This repository contains code for a chest X-ray image classification project. The goal is to classify X-ray images into two classes: "NORMAL" and "PNEUMONIA". The project involves data preprocessing, unsupervised learning using KMeans and GMM, and supervised learning using Convolutional Neural Networks (CNNs).
Below are the steps to set up the project and run the code.
Make sure to install the required libraries by running the following commands:
pip install torch torchvision opencv-contrib-python
pip install scikit-learn kaggle
Before running the code, download the chest X-ray dataset from Kaggle. Ensure you have a Kaggle account and have obtained the API key. Move the kaggle.json file to the required directory:
mkdir -p \~/.kaggle cp ./kaggle.json \~/.kaggle/ chmod 600
\~/.kaggle/kaggle.json
Download and unzip the dataset:
kaggle datasets download -d paultimothymooney/chest-xray-pneumonia
unzip chest-xray-pneumonia.zip
Here are two samples of the Pnemonia and normal images:
The code includes data loading, histogram equalization resizing, and normalization. The dataset is split into training, testing, and validation sets.
Explore the dataset through visualization, including randomly selected X-ray images and checking for class imbalance. Here are the train and test class imbalance visualization:
To address class imbalance, data augmentation techniques are applied, including random resizing, flipping, Gaussian blur, and affine transformations.
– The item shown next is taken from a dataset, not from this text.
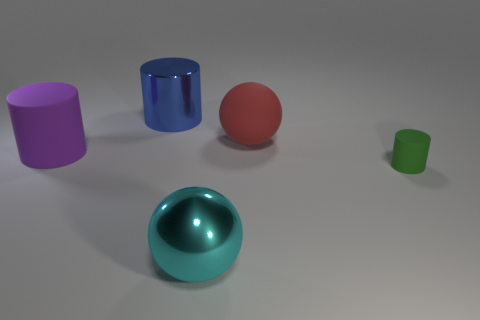Add 1 blue shiny cylinders. How many objects exist? 6 Subtract all balls. How many objects are left? 3 Add 4 big purple objects. How many big purple objects exist? 5 Subtract 0 red cubes. How many objects are left? 5 Subtract all tiny cyan blocks. Subtract all purple cylinders. How many objects are left? 4 Add 4 green matte objects. How many green matte objects are left? 5

Apply unsupervised learning techniques such as KMeans and Gaussian Mixture Models (GMM) for feature extraction and clustering. Principle Component Analysis (PCA) is used to reduce the overhead for both methods.
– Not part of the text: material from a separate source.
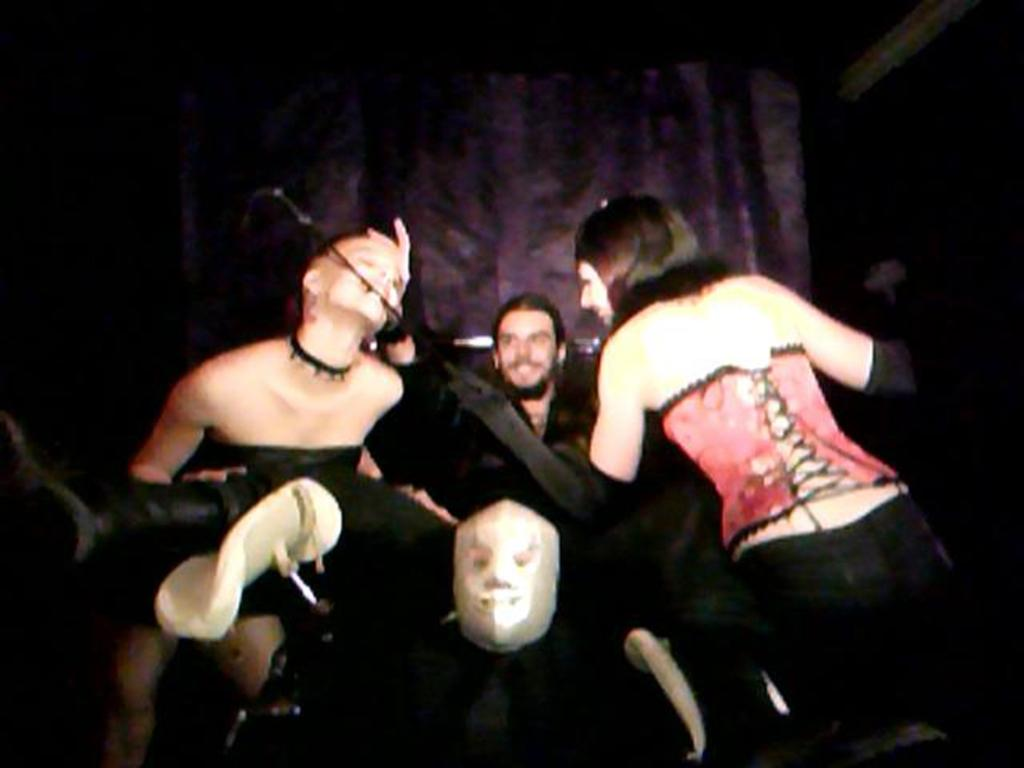How many people are in the image? The number of people in the image cannot be determined from the provided facts. What can be observed about the background of the image? The background of the image is dark. What type of bridge can be seen in the image? There is no bridge present in the image. What kind of destruction is happening in the image? There is no destruction present in the image.

Train a Convolutional Neural Network (CNN) for image classification. Two architectures are implemented: a custom CNN and a fine-tuned MobileNetV3.
Evaluate the models using metrics such as accuracy, precision, recall, and F1-score. Confusion matrices and ROC curves are also plotted for further analysis.
We compared the performance of unsupervised learning (KMeans and GMM) with supervised learning (CNN) and discussed their strengths and weaknesses.